Les secours n’ont finalement été alertés que vers 10 heures. À leur arrivée, leur première mission a consisté à identifier précisément le danger et à définir les conditions de sécurité nécessaires à l’intervention.
- Évaluer l’exposition : les pompiers ont recherché la présence éventuelle de chlore gazeux dans l’air et contrôlé la zone.
- Mesurer l’impact sur l’eau : des relevés ont été réalisés dans le Maroni, dont une mesure de pH fixée à 10 près du déversement.
- Protéger les intervenants : les personnels exposés ont travaillé avec des tenues de protection et des appareils respiratoires.
- Interdire temporairement la baignade : la mesure concernait la partie du fleuve située en aval.
- Attendre la baisse des eaux : la marée descendante a permis de retrouver certaines palettes immergées.
- Récupérer et reconditionner : les produits sortis de l’eau ont été traités sur le port.
L’intervention s’est achevée vers 18 heures. Elle a donc duré près de huit heures, avec une phase d’environ deux heures consacrée aux mesures et aux reconnaissances initiales.
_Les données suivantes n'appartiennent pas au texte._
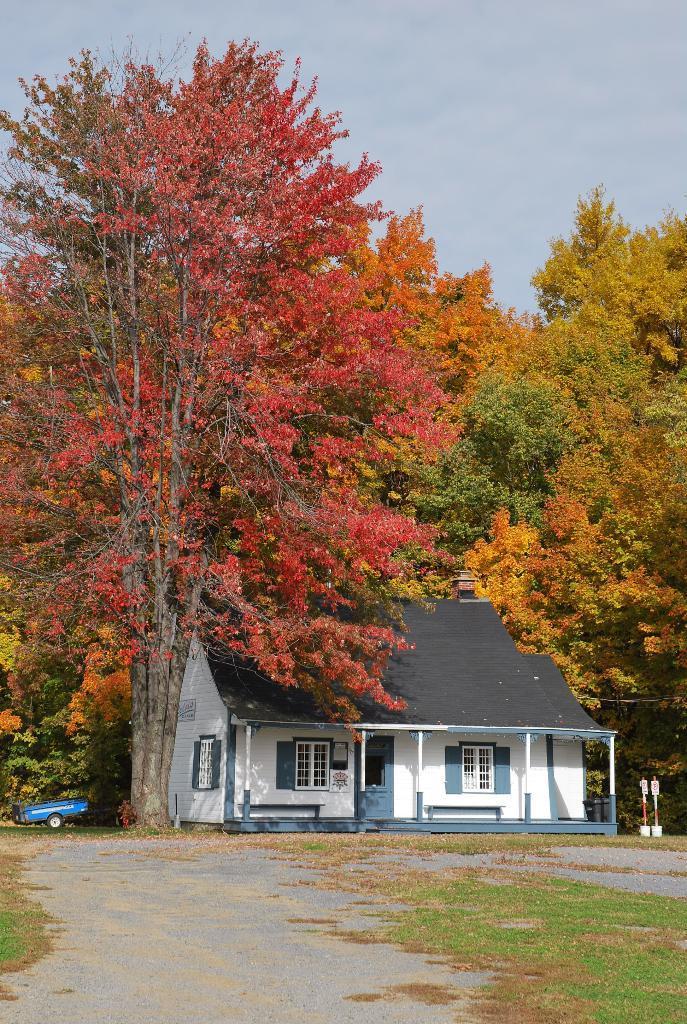How would you summarize this image in a sentence or two? In the center of the image there is a house. On the right and left side of the image we can see trees. At the bottom of the image we can see vehicle, road and grass. In the background there are clouds and sky. 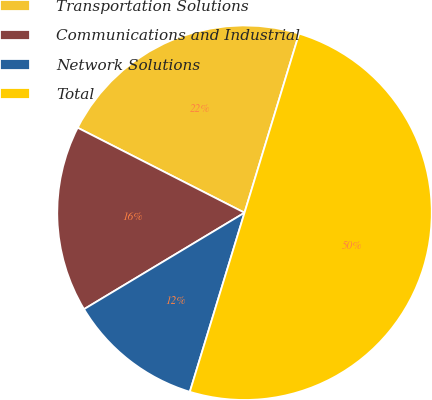<chart> <loc_0><loc_0><loc_500><loc_500><pie_chart><fcel>Transportation Solutions<fcel>Communications and Industrial<fcel>Network Solutions<fcel>Total<nl><fcel>22.21%<fcel>16.11%<fcel>11.67%<fcel>50.0%<nl></chart> 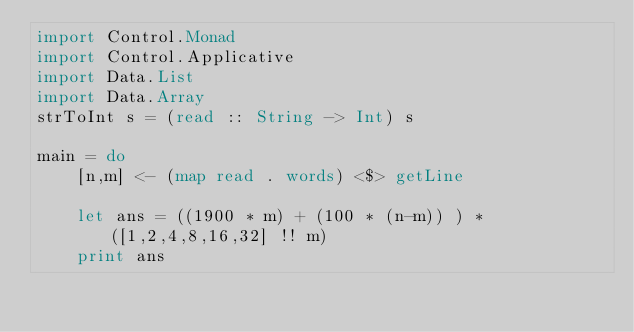<code> <loc_0><loc_0><loc_500><loc_500><_Haskell_>import Control.Monad
import Control.Applicative
import Data.List
import Data.Array
strToInt s = (read :: String -> Int) s

main = do
    [n,m] <- (map read . words) <$> getLine
    
    let ans = ((1900 * m) + (100 * (n-m)) ) * ([1,2,4,8,16,32] !! m)
    print ans</code> 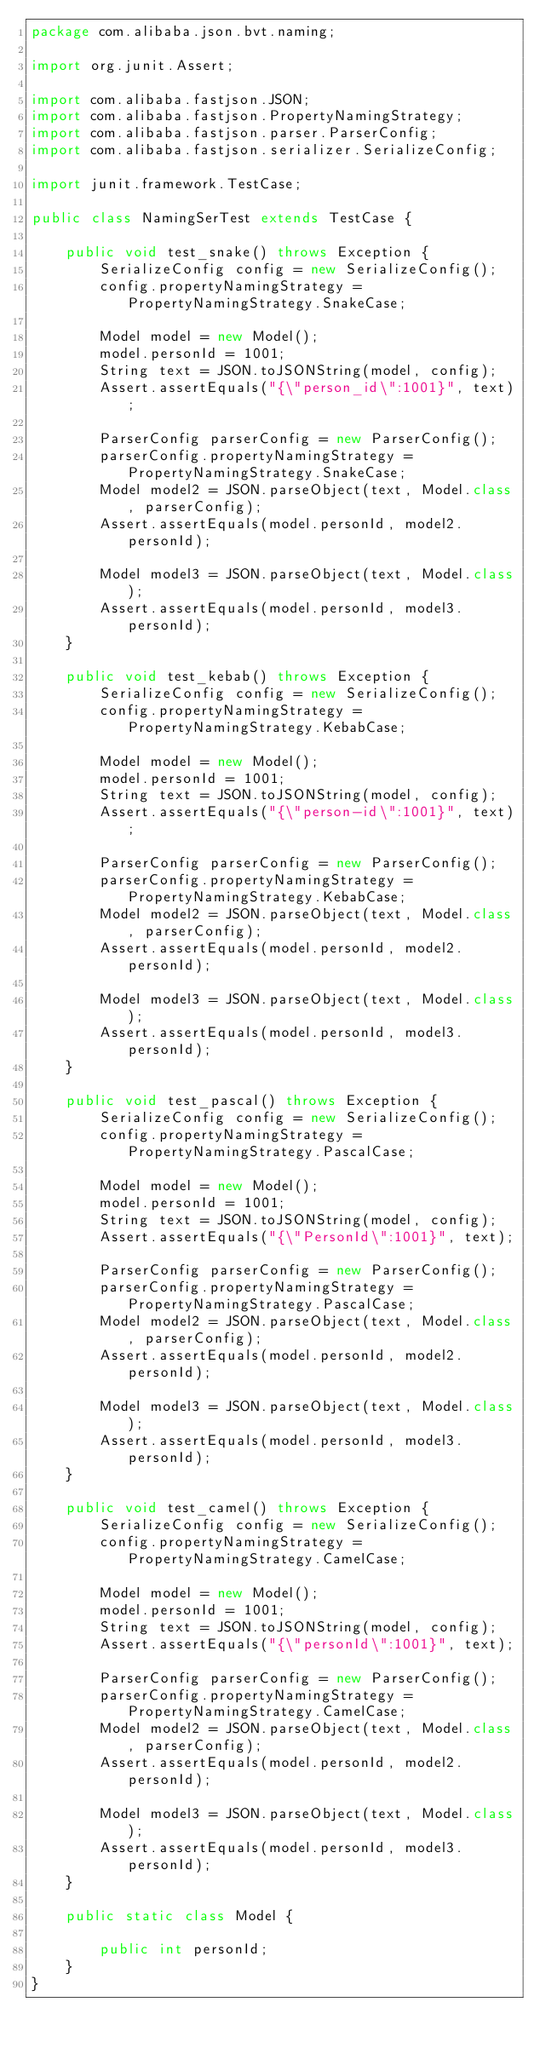Convert code to text. <code><loc_0><loc_0><loc_500><loc_500><_Java_>package com.alibaba.json.bvt.naming;

import org.junit.Assert;

import com.alibaba.fastjson.JSON;
import com.alibaba.fastjson.PropertyNamingStrategy;
import com.alibaba.fastjson.parser.ParserConfig;
import com.alibaba.fastjson.serializer.SerializeConfig;

import junit.framework.TestCase;

public class NamingSerTest extends TestCase {

    public void test_snake() throws Exception {
        SerializeConfig config = new SerializeConfig();
        config.propertyNamingStrategy = PropertyNamingStrategy.SnakeCase;

        Model model = new Model();
        model.personId = 1001;
        String text = JSON.toJSONString(model, config);
        Assert.assertEquals("{\"person_id\":1001}", text);

        ParserConfig parserConfig = new ParserConfig();
        parserConfig.propertyNamingStrategy = PropertyNamingStrategy.SnakeCase;
        Model model2 = JSON.parseObject(text, Model.class, parserConfig);
        Assert.assertEquals(model.personId, model2.personId);

        Model model3 = JSON.parseObject(text, Model.class);
        Assert.assertEquals(model.personId, model3.personId);
    }

    public void test_kebab() throws Exception {
        SerializeConfig config = new SerializeConfig();
        config.propertyNamingStrategy = PropertyNamingStrategy.KebabCase;

        Model model = new Model();
        model.personId = 1001;
        String text = JSON.toJSONString(model, config);
        Assert.assertEquals("{\"person-id\":1001}", text);
        
        ParserConfig parserConfig = new ParserConfig();
        parserConfig.propertyNamingStrategy = PropertyNamingStrategy.KebabCase;
        Model model2 = JSON.parseObject(text, Model.class, parserConfig);
        Assert.assertEquals(model.personId, model2.personId);

        Model model3 = JSON.parseObject(text, Model.class);
        Assert.assertEquals(model.personId, model3.personId);
    }

    public void test_pascal() throws Exception {
        SerializeConfig config = new SerializeConfig();
        config.propertyNamingStrategy = PropertyNamingStrategy.PascalCase;

        Model model = new Model();
        model.personId = 1001;
        String text = JSON.toJSONString(model, config);
        Assert.assertEquals("{\"PersonId\":1001}", text);
        
        ParserConfig parserConfig = new ParserConfig();
        parserConfig.propertyNamingStrategy = PropertyNamingStrategy.PascalCase;
        Model model2 = JSON.parseObject(text, Model.class, parserConfig);
        Assert.assertEquals(model.personId, model2.personId);

        Model model3 = JSON.parseObject(text, Model.class);
        Assert.assertEquals(model.personId, model3.personId);
    }

    public void test_camel() throws Exception {
        SerializeConfig config = new SerializeConfig();
        config.propertyNamingStrategy = PropertyNamingStrategy.CamelCase;

        Model model = new Model();
        model.personId = 1001;
        String text = JSON.toJSONString(model, config);
        Assert.assertEquals("{\"personId\":1001}", text);
        
        ParserConfig parserConfig = new ParserConfig();
        parserConfig.propertyNamingStrategy = PropertyNamingStrategy.CamelCase;
        Model model2 = JSON.parseObject(text, Model.class, parserConfig);
        Assert.assertEquals(model.personId, model2.personId);

        Model model3 = JSON.parseObject(text, Model.class);
        Assert.assertEquals(model.personId, model3.personId);
    }

    public static class Model {

        public int personId;
    }
}
</code>

La récupération ne pouvait pas être improvisée. Un bidon détérioré, exposé à la pluie ou manipulé sans précaution, pouvait accentuer les émanations et compliquer la sécurisation du site.
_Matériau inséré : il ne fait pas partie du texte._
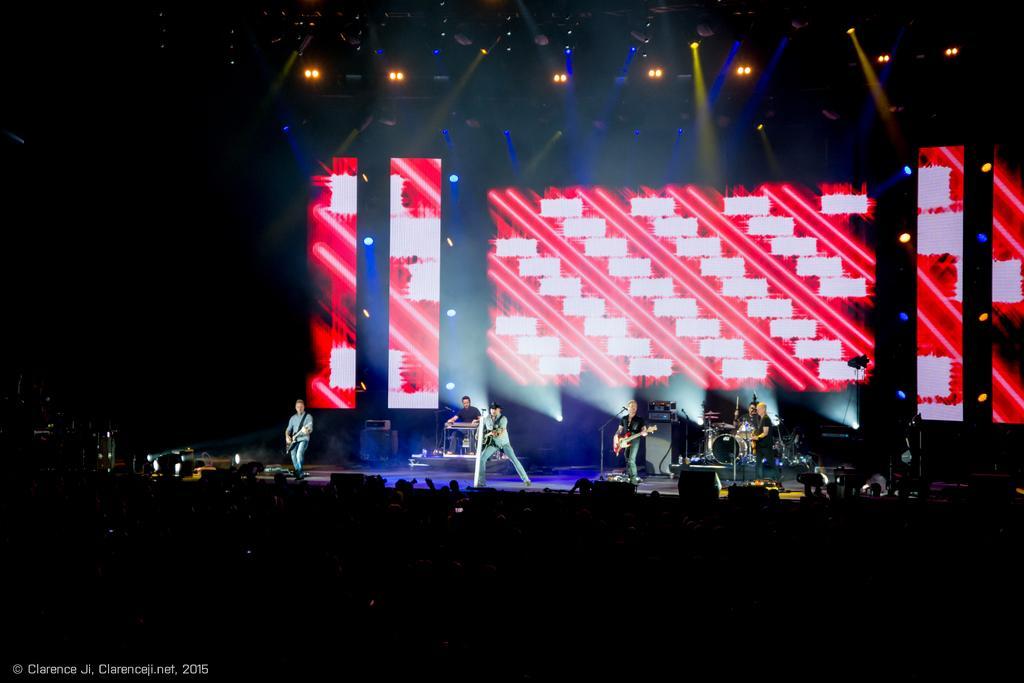Could you give a brief overview of what you see in this image? In this image there is a group of people playing music instruments on a stage, behind them there are led screens which have patterns on it and in front of them there are audience, there are lights on the roof. 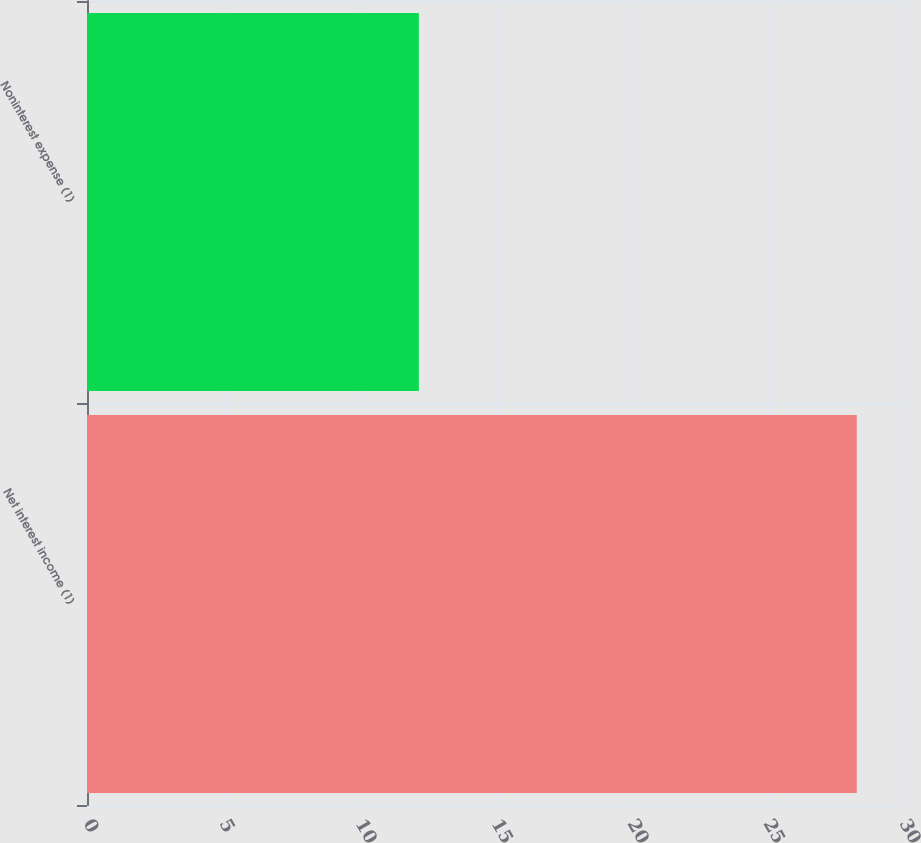<chart> <loc_0><loc_0><loc_500><loc_500><bar_chart><fcel>Net interest income (1)<fcel>Noninterest expense (1)<nl><fcel>28.3<fcel>12.2<nl></chart> 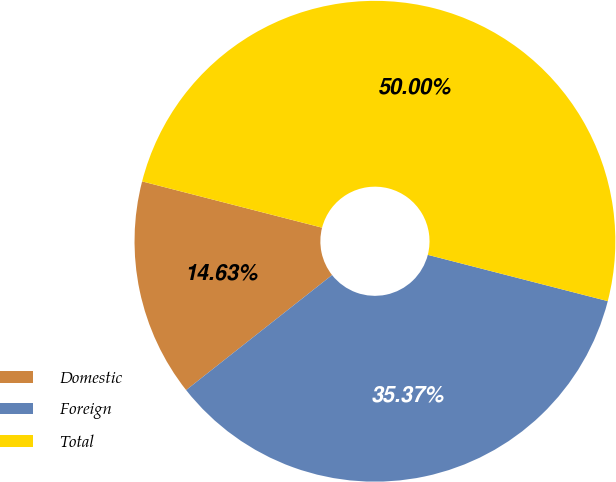Convert chart to OTSL. <chart><loc_0><loc_0><loc_500><loc_500><pie_chart><fcel>Domestic<fcel>Foreign<fcel>Total<nl><fcel>14.63%<fcel>35.37%<fcel>50.0%<nl></chart> 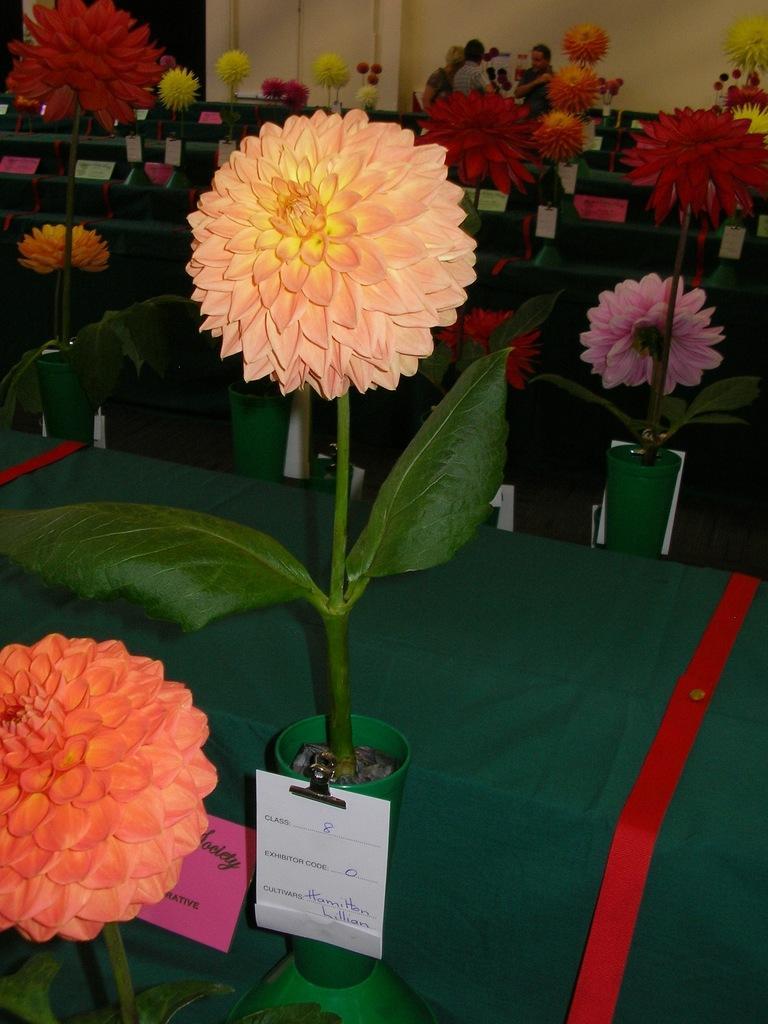Describe this image in one or two sentences. In this image I can see flowers on a green color surface. In the background I can see people and a wall.

Une cargaison massive et un dispositif important
Le chargement transporté par pirogue était particulièrement conséquent. D’après Gilles Galio, officier du Service départemental d’incendie et de secours de Guyane, il comprenait 16 palettes de bidons de 25 kilos de chlore pour piscines.
Après récupération et contrôle de la cargaison, les secours ont recensé environ 60 bidons endommagés. Une partie était tombée dans le fleuve. Certains contenants se sont ouverts, ce qui expliquait la nécessité de surveiller à la fois l’air et l’eau.
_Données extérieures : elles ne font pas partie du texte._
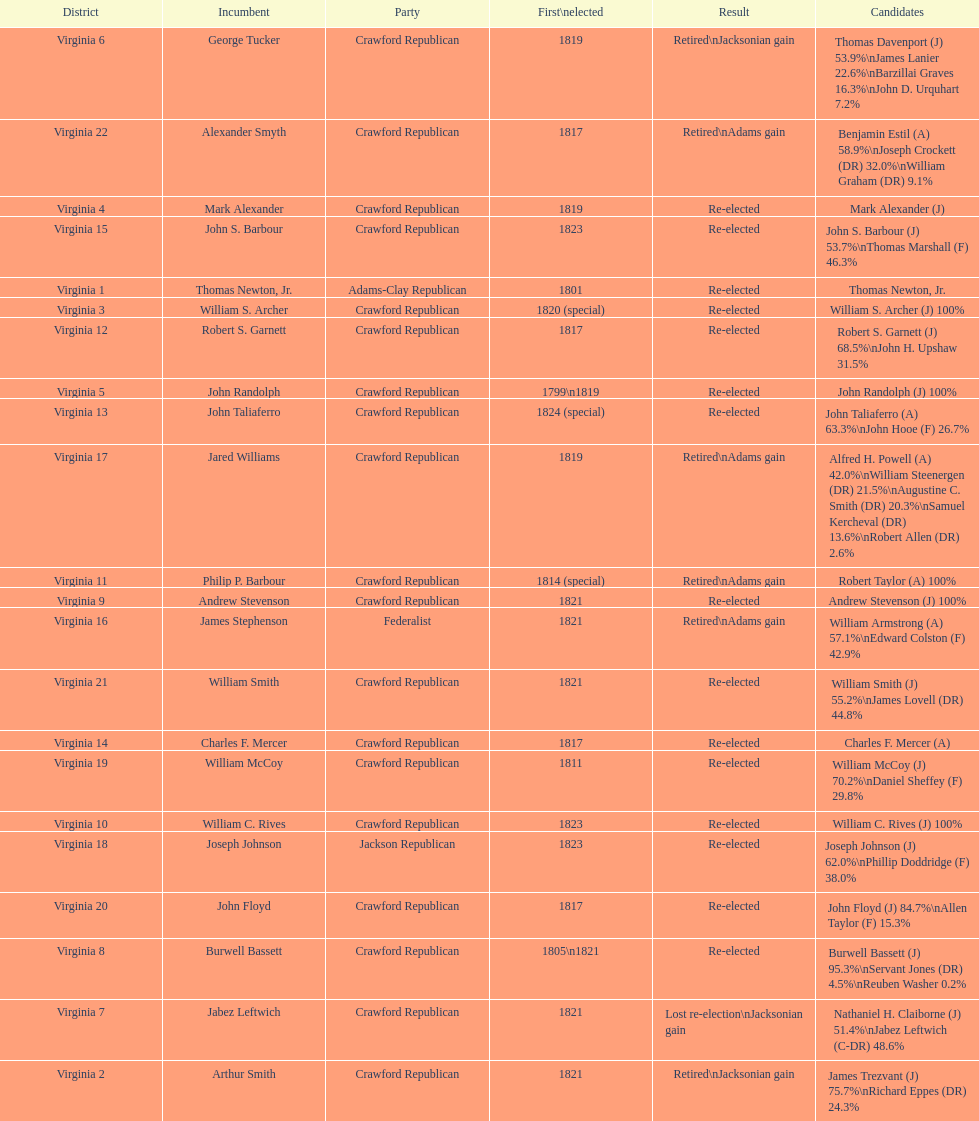Number of incumbents who retired or lost re-election 7. 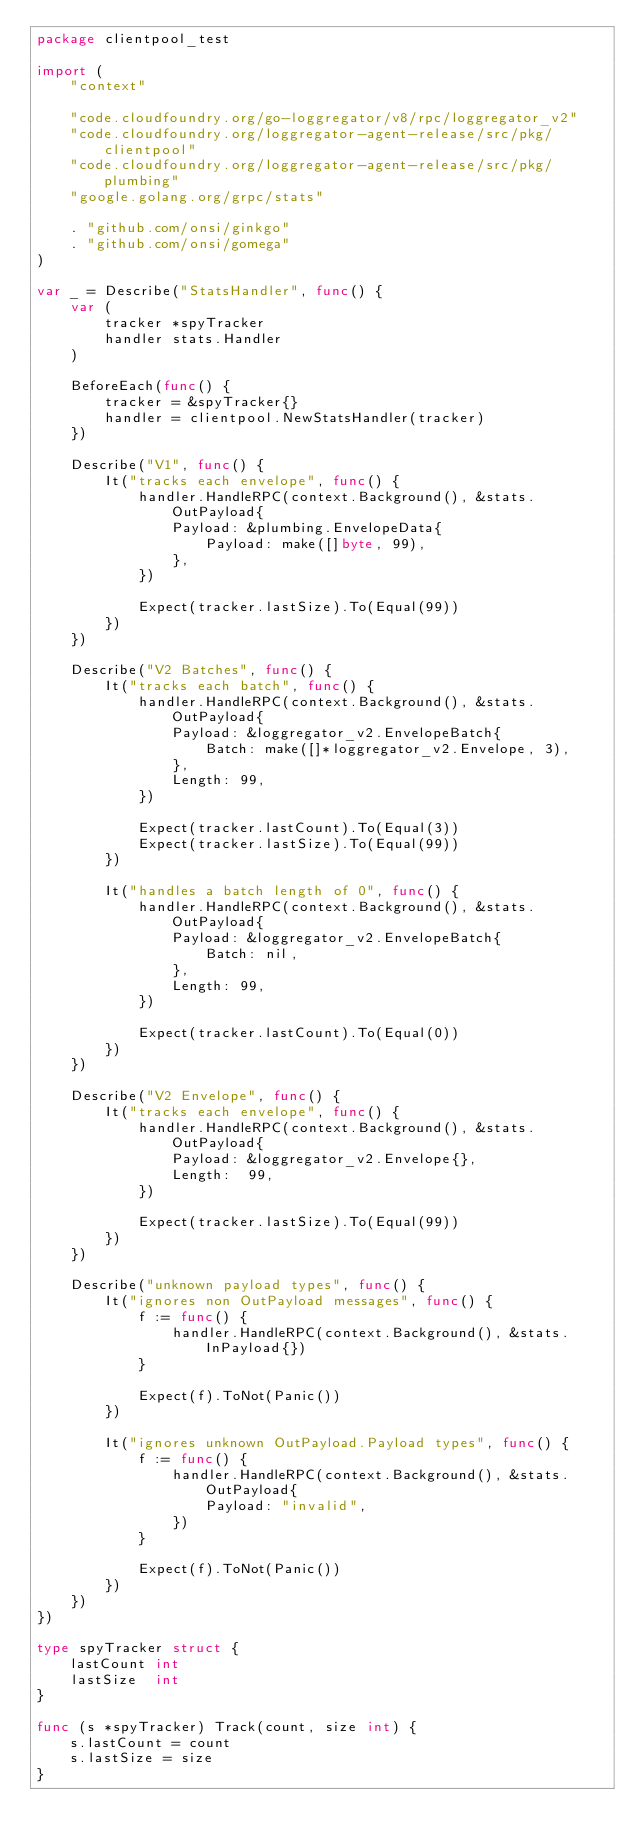<code> <loc_0><loc_0><loc_500><loc_500><_Go_>package clientpool_test

import (
	"context"

	"code.cloudfoundry.org/go-loggregator/v8/rpc/loggregator_v2"
	"code.cloudfoundry.org/loggregator-agent-release/src/pkg/clientpool"
	"code.cloudfoundry.org/loggregator-agent-release/src/pkg/plumbing"
	"google.golang.org/grpc/stats"

	. "github.com/onsi/ginkgo"
	. "github.com/onsi/gomega"
)

var _ = Describe("StatsHandler", func() {
	var (
		tracker *spyTracker
		handler stats.Handler
	)

	BeforeEach(func() {
		tracker = &spyTracker{}
		handler = clientpool.NewStatsHandler(tracker)
	})

	Describe("V1", func() {
		It("tracks each envelope", func() {
			handler.HandleRPC(context.Background(), &stats.OutPayload{
				Payload: &plumbing.EnvelopeData{
					Payload: make([]byte, 99),
				},
			})

			Expect(tracker.lastSize).To(Equal(99))
		})
	})

	Describe("V2 Batches", func() {
		It("tracks each batch", func() {
			handler.HandleRPC(context.Background(), &stats.OutPayload{
				Payload: &loggregator_v2.EnvelopeBatch{
					Batch: make([]*loggregator_v2.Envelope, 3),
				},
				Length: 99,
			})

			Expect(tracker.lastCount).To(Equal(3))
			Expect(tracker.lastSize).To(Equal(99))
		})

		It("handles a batch length of 0", func() {
			handler.HandleRPC(context.Background(), &stats.OutPayload{
				Payload: &loggregator_v2.EnvelopeBatch{
					Batch: nil,
				},
				Length: 99,
			})

			Expect(tracker.lastCount).To(Equal(0))
		})
	})

	Describe("V2 Envelope", func() {
		It("tracks each envelope", func() {
			handler.HandleRPC(context.Background(), &stats.OutPayload{
				Payload: &loggregator_v2.Envelope{},
				Length:  99,
			})

			Expect(tracker.lastSize).To(Equal(99))
		})
	})

	Describe("unknown payload types", func() {
		It("ignores non OutPayload messages", func() {
			f := func() {
				handler.HandleRPC(context.Background(), &stats.InPayload{})
			}

			Expect(f).ToNot(Panic())
		})

		It("ignores unknown OutPayload.Payload types", func() {
			f := func() {
				handler.HandleRPC(context.Background(), &stats.OutPayload{
					Payload: "invalid",
				})
			}

			Expect(f).ToNot(Panic())
		})
	})
})

type spyTracker struct {
	lastCount int
	lastSize  int
}

func (s *spyTracker) Track(count, size int) {
	s.lastCount = count
	s.lastSize = size
}
</code>

| Élément de l’intervention | Donnée constatée |
|---|---|
| Heure présumée de l’incident | Vers 8 heures |
| Alerte des secours | Vers 10 heures |
| Fin des opérations | Vers 18 heures |
| Pompiers mobilisés | 27 sapeurs-pompiers |
| Véhicules engagés | Environ sept |
| Produits endommagés | Environ 60 bidons |
| Mesure dans l’eau | pH 10 |
Une équipe spécialisée dans le risque chimique a participé aux reconnaissances, aux mesures et à la récupération. Cette compétence était indispensable face à un produit chloré susceptible de dégager un gaz dangereux.
Les bidons récupérés ont ensuite été reconditionnés sur le port. Les contenants endommagés ont été bâchés afin d’éviter leur contact avec la pluie et de limiter les émanations.
Les erreurs à éviter lors d’un incident impliquant des produits chlorés
La première erreur consiste à vouloir régler seul une perte de chargement chimique. À Saint-Laurent-du-Maroni, les premières tentatives de récupération ont précédé l’alerte des secours. Or le risque réel ne se voit pas toujours immédiatement.
Un produit chloré dans l’eau peut modifier le pH et dégager du chlore gazeux. Une simple odeur ne permet pas de déterminer le niveau de danger. Seules des mesures réalisées avec du matériel adapté peuvent établir si un seuil toxique est atteint.
Il faut aussi éviter de laisser des contenants endommagés exposés aux intempéries. Le bâchage mis en place au port répondait précisément à ce besoin de limiter le contact avec la pluie et les émanations.
La marée, le sens du courant et la localisation des prises d’eau doivent être analysés immédiatement. Dans cet épisode, le déplacement du flux vers l’aval a joué en faveur des secours. Cette circonstance n’aurait pas nécessairement produit le même effet à un autre moment.
Une vigilance maintenue autour du fleuve
Le sous-préfet Gérard Marin s’est rendu sur place pour suivre l’intervention. Grâce à la mobilisation des 27 sapeurs-pompiers, à l’équipe spécialisée et à la marée descendante, la situation a été contenue avant de prendre une autre ampleur sur le Maroni.
Pour les activités de transport fluvial, cet épisode rappelle une règle concrète : un chargement de produits chimiques doit être protégé autant des remous que des aléas de récupération sur l’eau.